Who and what was Dilworth and why is he less remembered than Rizzo? Less revered than Rizzo? How and why did Etting, a second or third-rate artist, feel the need to memorialize him? What does all this say about Philadelphia and being a Philadelphian? Isn’t Philadelphia a second or third-rate city by international standards? And yet, isn’t it home to development of one of the greatest ideas? An idea that is part of the current political and military landscape today: revolts in Egypt? Libya? You’ve made me think that being a Philadelphian is far greater than the sum of its parts…yes, architecture and history and art have passed away, but Philadelphia is still here. Washington Square is a playground/park with a single flame, and yet it was once (and still may be) a cemetery for soldiers and indigents…but the light is lit. So if Phoenix Rising is moved or lost or destroyed, there is a central question about being a Philadelphian, recognizing other Philadelphians, memorializing Philadelphians.
And then we have K’s book, which “was created by a Philadelphian for a Philadelphian.” What sense of place, what sense of shared experience, what sense of Philadelphia-ness is contained there? And as you defend Etting’s sculpture, what motivates you from your sense of place?
Good luck with the film.

I found this email fun to think about.

What does it mean to be a Philadelphian? I do not know the answer anymore than I know what it means to be a woman.
Finding out what it means to be a Philadelphian is beyond the scope of my blog and film and beyond the scope of my abilities. It may be impossible to answer that question. But it is a question worth investigating. What does it mean to be a Philadelphian?

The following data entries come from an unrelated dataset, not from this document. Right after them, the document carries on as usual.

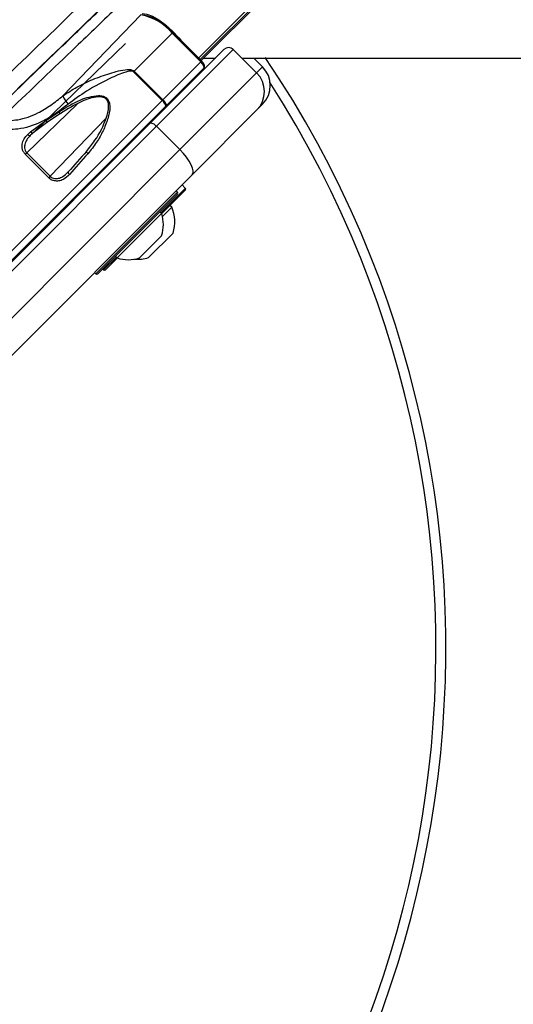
# Paper-space layout 'Surface plate' of a CAD drawing. Header units: millimetres. Extents: x 65420 to 443956, y 26941 to 406945.
# Tile 63 of 71: x 95496 to 99236, y 240263 to 247716. Entities that reach past the tile are written whole.
import ezdxf

# ---------------------------------------------------------------- set-up
doc = ezdxf.new("R2010")
doc.units = ezdxf.units.MM
doc.layers.add('COMPONENT_GEOMETRY', color=7, linetype='Continuous')
doc.styles.add('SLDTEXTSTYLE1', font='TXT', dxfattribs={"width": 0.75})
doc.dimstyles.new('SLDDIMSTYLE2', dxfattribs={"dimtxt": 2500, "dimasz": 165.1, "dimexe": 0, "dimexo": 0.0625, "dimgap": 625, "dimtad": 0, "dimtih": 1, "dimtoh": 1, "dimdec": 0, "dimlfac": 0.02, "dimrnd": 1e-09, "dimzin": 12, "dimdsep": 46, "dimtxsty": 'SLDTEXTSTYLE1', "dimsah": 1, "dimcen": 0.09, "dimadec": 0, "dimazin": 3, "dimtfac": 1, "dimtdec": 3, "dimtofl": 0, "dimtmove": 0, "dimatfit": 3, "dimfxl": 1, "dimfrac": 2, "dimtolj": 1, "dimtzin": 12, "dimarcsym": 0})

# ---------------------------------------------------------------- blocks, each defined once
blk = doc.blocks.new('_D_8')
at = {"layer": 'COMPONENT_GEOMETRY', "color": 7, "ltscale": 50}
for p, q in [((240160.5, 319828.1), (240160.5, 222689.3)), ((82724.7, 240321.4), (82724.7, 222689.3)), ((82724.7, 222848.1), (157748.2, 222848.1)), ((240160.5, 222848.1), (165137, 222848.1))]:
    blk.add_line(p, q, dxfattribs=at)
for points in [[(82724.7, 222848.1), (82889.8, 222822.7), (82889.8, 222873.5)], [(240160.5, 222848.1), (239995.4, 222873.5), (239995.4, 222822.7)]]:
    blk.add_solid(points, dxfattribs=at)
at = {"layer": 'COMPONENT_GEOMETRY', "color": 7, "ltscale": 50, "insert": (157748.2, 224086.4), "char_height": 2500, "attachment_point": 1, "style": 'SLDTEXTSTYLE1'}
blk.add_mtext('3149', dxfattribs=at)

psp = doc.layouts.new('Surface plate')

# ---------------------------------------------------------------- linework, layer by layer
at = {"color": 8, "linetype": 'Continuous', "lineweight": 25, "ltscale": 50}
for p, q in [((96852.35, 247426.19), (131617.18, 282191.02)), ((96864.95, 247413.58), (125756.2, 276304.83)), ((96651.17, 247612.97), (96658.37, 247620.17)), ((96868.18, 247395.96), (96875.38, 247403.16)), ((97291.67, 247313.87), (97336.27, 247358.47)), ((95354.3, 245882.08), (96576.2, 247103.98)), ((95932.46, 247077.22), (95549.99, 246708.58)), ((95728.36, 246530.22), (96151.17, 246970.08)), ((95576.98, 246839.38), (95598.37, 246859.99)), ((96073.68, 245791.82), (96692.39, 246410.54)), ((96565.11, 246254.97), (96749.28, 246439.14)), ((96749.28, 246439.14), (96751.14, 246441)), ((96132.42, 245822.28), (96229.24, 245919.1))]:
    psp.add_line(p, q, dxfattribs=at)
at = {"color": 7, "linetype": 'Continuous', "lineweight": 25, "ltscale": 50}
for p, q in [((96871.84, 247406.7), (102453.54, 252988.39)), ((95823.87, 247139.39), (96414.93, 247751.97)), ((96363.81, 247325.61), (96651.17, 247612.97)), ((96868.18, 247395.96), (96651.17, 247612.97)), ((96875.38, 247403.16), (96658.37, 247620.17)), ((95597.53, 246859.37), (96299.13, 247535.41)), ((96485.86, 246932.33), (97044.18, 247490.64)), ((97114.89, 247490.64), (96533.31, 246909.07)), ((97114.89, 247490.64), (97291.67, 247313.87)), ((96580.82, 247108.6), (96868.18, 247395.96)), ((96890.74, 247425.59), (96979.08, 247425.55)), ((97269.33, 247425.41), (97336.27, 247358.47)), ((96363.81, 247325.61), (96359.19, 247320.99)), ((96576.2, 247103.98), (96359.19, 247320.99)), ((96363.81, 247325.61), (96580.82, 247108.6)), ((96891.76, 247348.83), (96604.81, 247061.88)), ((96710.09, 246732.29), (97291.67, 247313.87)), ((96576.2, 247103.98), (96580.82, 247108.6)), ((97336.27, 247075.63), (97291.67, 247031.02)), ((96603.27, 247060.34), (95425.01, 245882.08)), ((95693.78, 246953.45), (95791.71, 247016.94)), ((95806.8, 247004.72), (95708.71, 246942.4)), ((96604.81, 247061.88), (96603.27, 247060.34)), ((97291.67, 247031.02), (96803.14, 246542.5)), ((94986.51, 245432.97), (96485.86, 246932.33)), ((95578.12, 246868.24), (95693.78, 246953.45)), ((95708.71, 246942.4), (95597.53, 246859.37)), ((96533.31, 246909.07), (95033.96, 245409.71)), ((96533.31, 246909.07), (96710.09, 246732.29)), ((96192.12, 246645.65), (96334.19, 246787.72)), ((95210.73, 245232.93), (96710.09, 246732.29)), ((95538.43, 246697.03), (95549.99, 246708.58)), ((95549.99, 246708.58), (95728.36, 246530.22)), ((95716.8, 246518.66), (95538.43, 246697.03)), ((96195.65, 246642.12), (96190.35, 246647.42)), ((96195.65, 246642.12), (96190.35, 246647.42)), ((96240.26, 246686.72), (96236.72, 246690.26)), ((96240.26, 246686.72), (96236.72, 246690.26)), ((96803.14, 246542.5), (95303.79, 245043.14)), ((95728.36, 246530.22), (95716.8, 246518.66)), ((96749.33, 246425.04), (96571.83, 246247.55)), ((96692.39, 246410.54), (96681.79, 246421.14)), ((96751.14, 246441), (96726.39, 246465.75)), ((96751.14, 246426.86), (96749.33, 246425.04)), ((96692.39, 246396.4), (96087.82, 245791.82)), ((95785.71, 246239.24), (95838.56, 246292.1)), ((95836.79, 246293.87), (95842.1, 246288.56)), ((95836.79, 246293.87), (95842.1, 246288.56)), ((96571.48, 246248.61), (96558.04, 246262.05)), ((96647.91, 246296.75), (96577.74, 246226.59)), ((96647.91, 246296.75), (96634.47, 246310.19)), ((96571.48, 246248.61), (96235.6, 245912.73)), ((96571.3, 246080.85), (96403.36, 245912.91)), ((96658.34, 246100.71), (96472.72, 245915.09)), ((96236.67, 245912.38), (96146.57, 245822.28)), ((96222.17, 245926.17), (96235.6, 245912.73)), ((96125.35, 245829.36), (96132.42, 245822.28)), ((96063.07, 245802.43), (96073.68, 245791.82))]:
    psp.add_line(p, q, dxfattribs=at)
at = {"color": 7, "linetype": 'Continuous', "lineweight": 25, "ltscale": 50, "flags": 128}
for points in [[(95398.44, 247289.32), (95475.46, 247363.77), (95552.4, 247438.12), (95629.24, 247512.37), (95705.96, 247586.49), (95782.56, 247660.49), (95859.03, 247734.34), (95935.34, 247808.03), (96011.49, 247881.56)], [(96147.71, 247838.34), (96064.72, 247758.22), (95981.52, 247677.88), (95898.12, 247597.34), (95814.55, 247516.61), (95730.82, 247435.72), (95646.95, 247354.69), (95562.96, 247273.51), (95478.86, 247192.23)], [(96424.92, 247762.33), (96459.23, 247758.98), (96502.39, 247742.55), (96551.61, 247714.12), (96603.68, 247675.53), (96655.24, 247629.28), (96702.93, 247578.37), (96716.68, 247561.86)], [(97180.08, 247425.45), (98401.72, 247424.89), (100543.34, 247423.91), (102684.97, 247422.92), (104826.6, 247421.92), (106968.22, 247420.92), (109109.85, 247419.92), (111251.48, 247418.91), (113393.1, 247417.89), (115534.73, 247416.87), (117676.36, 247415.84), (119817.98, 247414.81), (121959.61, 247413.77), (124101.23, 247412.73), (126242.86, 247411.68), (128384.49, 247410.62), (130526.11, 247409.56), (132667.74, 247408.49)], [(96580.82, 247108.6), (96587.5, 247101.48), (96593.48, 247094.2), (96598.54, 247087.04), (96602.49, 247080.27), (96605.16, 247074.15), (96606.47, 247068.92), (96606.35, 247064.78), (96604.81, 247061.88)], [(95806.8, 247004.72), (95806.43, 247003.71), (95805.46, 247003.5), (95803.96, 247004.1), (95802, 247005.48), (95799.67, 247007.57), (95797.1, 247010.27), (95794.4, 247013.45), (95791.71, 247016.94)], [(95693.78, 246953.45), (95696.24, 246949.55), (95698.8, 246946.09), (95701.31, 246943.26), (95703.62, 246941.22), (95705.61, 246940.08), (95707.18, 246939.89), (95708.23, 246940.69), (95708.71, 246942.4)], [(96485.86, 246932.33), (96488.9, 246934.01), (96493.18, 246934.27), (96498.54, 246933.09), (96504.77, 246930.52), (96511.63, 246926.67), (96518.86, 246921.68), (96526.18, 246915.73), (96533.31, 246909.07)], [(95578.12, 246868.24), (95580.93, 246865.57), (95583.84, 246863.22), (95586.75, 246861.26), (95589.53, 246859.77), (95592.09, 246858.81), (95594.33, 246858.42), (95596.17, 246858.61), (95597.53, 246859.37)], [(95557.27, 246847.96), (95560.09, 246845.3), (95563.02, 246842.96), (95565.95, 246841.03), (95568.77, 246839.58), (95571.38, 246838.66), (95573.67, 246838.32), (95575.56, 246838.56), (95576.98, 246839.38)], [(96002.33, 246718.86), (96001.77, 246717.99), (96001.83, 246716.61), (96002.51, 246714.76), (96003.78, 246712.53), (96005.59, 246710.01), (96007.86, 246707.29), (96010.51, 246704.5), (96013.42, 246701.74)], [(96803.14, 246542.5), (96809.86, 246554.65), (96810.89, 246571.77), (96806.18, 246593.2), (96795.92, 246618.12), (96780.51, 246645.57), (96760.53, 246674.49), (96736.75, 246703.77), (96710.09, 246732.29)], [(95864.82, 246563.48), (95863.86, 246562.17), (95863.53, 246560.37), (95863.85, 246558.15), (95864.8, 246555.6), (95866.34, 246552.81), (95868.41, 246549.92), (95870.92, 246547.02), (95873.79, 246544.24)]]:
    psp.add_lwpolyline(points, dxfattribs=at)
at = {"color": 7, "linetype": 'Continuous', "lineweight": 25, "ltscale": 2500}
for centre, radius, start, end in [((96346.21, 247364.91), 393.11, 39.124739, 79.93247), ((96369.43, 247385.03), 371.65, 39.12449, 79.932789), ((97079.53, 247455.29), 50, 45, 135), ((90724.72, 242956.63), 8000, 225, 33.998272), ((97150.25, 247172.45), 200, 315, 45), ((97194.85, 247217.05), 200, 315, 45), ((90724.72, 242956.63), 7925, 225, 32.699092), ((96036.45, 247231.91), 231.83, 203.52009, 221.917581), ((96540.61, 247051.69), 63.25, 7.8628, 55.764303), ((96316.51, 246805.4), 25, 315, 340.841933), ((96685.32, 246403.47), 10, 315, 45), ((96744.07, 246433.93), 10, 315, 45), ((96388.76, 246184.67), 282.35, 342.700866, 23.389787), ((95768.03, 246256.92), 25, 289.158067, 315), ((96319.22, 246165), 265.76, 341.540871, 18.33838), ((96319.22, 246165), 265.76, 251.66162, 288.459129), ((96388.76, 246184.67), 282.35, 265.259514, 287.299134), ((96139.5, 245829.36), 10, 225, 315), ((96080.75, 245798.89), 10, 225, 315)]:
    psp.add_arc(centre, radius, start, end, dxfattribs=at)
for centre, major_axis, ratio, start_param, end_param in [((94495.07, 247295.25), (5652.58, 5842.61), 0.0056067, 4.7889065, 4.9042925), ((94584.9, 247208.34), (5742.42, 5929.53), 0.0054371, 4.7889149, 4.8929946), ((96856.41, 247384.19), (35.36, -35.36), 0.3329836, 0, 1.5707963), ((95974.62, 247241.66), (1005.98, 973.92), 0.0058121, 1.9702933, 1.9929538), ((95988.53, 247227.29), (991.84, 959.78), 0.0058963, 1.970296, 1.9929566), ((96295.96, 246919.19), (936.54, 1015.07), 0.0598053, 1.8242802, 1.983378), ((96310.63, 246905.65), (950.68, 1029.21), 0.0589536, 1.8243486, 1.9834464)]:
    psp.add_ellipse(centre, major_axis=major_axis, ratio=ratio, start_param=start_param, end_param=end_param, dxfattribs=at)
at = {"color": 7, "linetype": 'Continuous', "lineweight": 25, "ltscale": 50}
for points, knots in [([(94796.42, 247650.05), (94956.37, 247817.2), (95218.29, 248090.91), (95480.41, 248364.99), (95582.45, 248471.7)], [0, 0, 0, 0, 0.6106729, 1, 1, 1, 1]), ([(95646.64, 248426.55), (95544.42, 248320.52), (95281.63, 248047.9), (95019.06, 247775.52), (94858.62, 247609.07)], [0, 0, 0, 0, 0.3889504, 1, 1, 1, 1]), ([(95377.17, 247090.53), (95543.61, 247250.97), (95815.99, 247513.54), (96088.61, 247776.33), (96194.64, 247878.54)], [0, 0, 0, 0, 0.6110496, 1, 1, 1, 1]), ([(96239.79, 247814.36), (96133.08, 247712.31), (95859, 247450.2), (95585.29, 247188.28), (95418.14, 247028.33)], [0, 0, 0, 0, 0.3893271, 1, 1, 1, 1]), ([(96891.76, 247348.83), (96893.49, 247351.09), (96896.76, 247355.38), (96897.89, 247363.36), (96896.63, 247372.1), (96891.98, 247382.65), (96884.18, 247393.88), (96877.78, 247400.63), (96875.38, 247403.16)], [0, 0, 0, 0, 0.1355846, 0.2575728, 0.3985339, 0.6121662, 0.8547851, 1, 1, 1, 1]), ([(95823.87, 247139.39), (95858.24, 247162.28), (95929.19, 247209.52), (96050.33, 247265.71), (96178.57, 247310.75), (96276.84, 247339.19), (96337.31, 247338.71), (96355.17, 247332.78), (96361.13, 247327.83), (96363.81, 247325.61)], [0, 0, 0, 0, 0.2160442, 0.4460691, 0.6762236, 0.9060687, 0.960965, 0.9824822, 1, 1, 1, 1]), ([(96359.19, 247320.99), (96357.6, 247322.28), (96355.63, 247323.9), (96350.24, 247326.21), (96336.93, 247328.4), (96281.8, 247317.53), (96167.91, 247266.23), (96012.87, 247187), (95909.03, 247110.33), (95863.94, 247077.03)], [0, 0, 0, 0, 0.0107829, 0.0134002, 0.0311502, 0.0817945, 0.3127822, 0.7016052, 1, 1, 1, 1]), ([(95863.94, 247077.03), (95830.42, 247051.05), (95763.41, 246999.13), (95638.46, 246927.27), (95494.58, 246879.85), (95335.24, 246885.4), (95210.3, 246936.12), (95148.99, 246990.41), (95126.54, 247010.29)], [0, 0, 0, 0, 0.1516864, 0.3031713, 0.5264844, 0.7117272, 0.8944428, 1, 1, 1, 1]), ([(95294.09, 246977.03), (95313.33, 246970.81), (95374.56, 246951.01), (95493.48, 246952.88), (95621.05, 246999.24), (95733.18, 247067.18), (95793.63, 247115.31), (95823.87, 247139.39)], [0, 0, 0, 0, 0.1039535, 0.3308959, 0.6101642, 0.8049374, 1, 1, 1, 1]), ([(95791.71, 247016.94), (95846.07, 247051.36), (95918.77, 247097.41), (96024.05, 247132.63), (96079.62, 247143.14), (96123.43, 247139.43), (96148.63, 247129.47), (96165.75, 247112.32), (96177.03, 247088.45), (96182.57, 247038.34), (96165.38, 246963.35), (96129.49, 246873.84), (96079.41, 246783.59), (96036.3, 246730.11), (96013.42, 246701.74)], [0, 0, 0, 0, 0.2228739, 0.2980649, 0.3819077, 0.4151409, 0.4485943, 0.4727367, 0.4968425, 0.5381644, 0.6436325, 0.7573657, 0.8712386, 1, 1, 1, 1]), ([(96002.33, 246718.86), (96024.55, 246746.2), (96086.01, 246821.85), (96144.56, 246937.61), (96172.15, 247038.45), (96169.14, 247085.53), (96159.56, 247107.6), (96144.91, 247122.27), (96130.49, 247127.91), (96113.15, 247131.61), (96079.71, 247133), (96027.7, 247120.9), (95928.11, 247084.1), (95858.73, 247038.7), (95806.8, 247004.72)], [0, 0, 0, 0, 0.1299099, 0.3593864, 0.4647685, 0.5050012, 0.5279371, 0.5506804, 0.5784104, 0.5826768, 0.6151459, 0.6987829, 0.7745813, 1, 1, 1, 1]), ([(95538.43, 246697.03), (95532.91, 246703.72), (95521.88, 246717.08), (95513.7, 246744.24), (95514.21, 246777.57), (95528.1, 246815.11), (95547.36, 246836.79), (95557.27, 246847.96)], [0, 0, 0, 0, 0.1423464, 0.2846743, 0.4732519, 0.7288423, 1, 1, 1, 1]), ([(95576.98, 246839.38), (95567.62, 246829.12), (95549.63, 246809.4), (95534.85, 246776.42), (95531.9, 246747.71), (95536.97, 246724.81), (95545.68, 246713.95), (95549.99, 246708.58)], [0, 0, 0, 0, 0.2839731, 0.5455317, 0.7317514, 0.8674197, 1, 1, 1, 1]), ([(95728.36, 246530.22), (95733.11, 246526.3), (95743.48, 246517.77), (95765.54, 246512.25), (95793.11, 246514.47), (95829.55, 246529.36), (95851.41, 246550.51), (95864.82, 246563.48)], [0, 0, 0, 0, 0.1125813, 0.2453809, 0.4149774, 0.6412785, 1, 1, 1, 1]), ([(95873.79, 246544.24), (95859.24, 246530.42), (95835.26, 246507.65), (95793.85, 246494.06), (95761.72, 246494.27), (95735.56, 246502.87), (95722.75, 246513.66), (95716.8, 246518.66)], [0, 0, 0, 0, 0.3433794, 0.5659079, 0.7385957, 0.8786977, 1, 1, 1, 1])]:
    psp.add_open_spline(points, degree=3, knots=knots, dxfattribs=at)

# ---------------------------------------------------------------- dimensions: what is measured, and where the dimension line sits
at = {"layer": 'COMPONENT_GEOMETRY', "color": 7, "ltscale": 50}
dim = psp.add_linear_dim(base=(82724.72, 222848.07), p1=(240160.49, 319891.58), p2=(82724.72, 240384.9), dimstyle='SLDDIMSTYLE2', dxfattribs=at)
dim.commit()
dim.dimension.update_dxf_attribs({"geometry": '_D_8', "text_midpoint": (161442.6, 222848.07), "dimtype": 160})

doc.saveas('drawing.dxf')

Lately I have been struggling to create what I envision. On paper or in discussion, everything seems crystal clear or at least vaguely clear. But when I put pen to paper or my editing icon to my Final Cut Pro timeline, something falls apart. Not something that was solid and sturdy to begin with, but something that gave me the illusion of sturdiness and strength. There is an ongoing fight. An indecision. An inability to serve and guide my present through my past.

It is said Philadelphia is a city of twos. Two rivers: Delaware and the Schuylkill. Two bridges: Ben Franklin and Walt Whitman. Two thoroughfares: Market and Broad Streets. Two icons: William Penn and Benjamin Franklin.
The name Philadelphia was created from two Greek words: phileo (love) and adelphos (brother). Hence The City of Brotherly Love.

But the city of brotherly love never came to fruition. Penn’s utopian plan did not last; it barely began. While Penn’s design looked good on paper, the newly anointed Philadelphians felt differently. Philadelphians immediately began dividing Penn’s generous sized lots. Penn’s green country town quickly became a congested mess as narrow alleys were created for the designation of row homes.

So what does it mean to be Philadelphian?

Thomas Eakins painted The Gross Clinic in 1875 at the age of 31. The painting is considered by many to be the most important work of American Realism. It has been written that Philadelphia “was not an art center in the sense in which it was a medical center.” (Philadelphia A 300-Year History, p.449) Led by the Pennsylvania Academy of Fine Arts, Philadelphia art instruction started with anatomy; Eakins pushed that instruction beyond PAFA’s standards. In 2006, Thomas Jefferson University attempted to sell The Gross Clinic for $68 million dollars.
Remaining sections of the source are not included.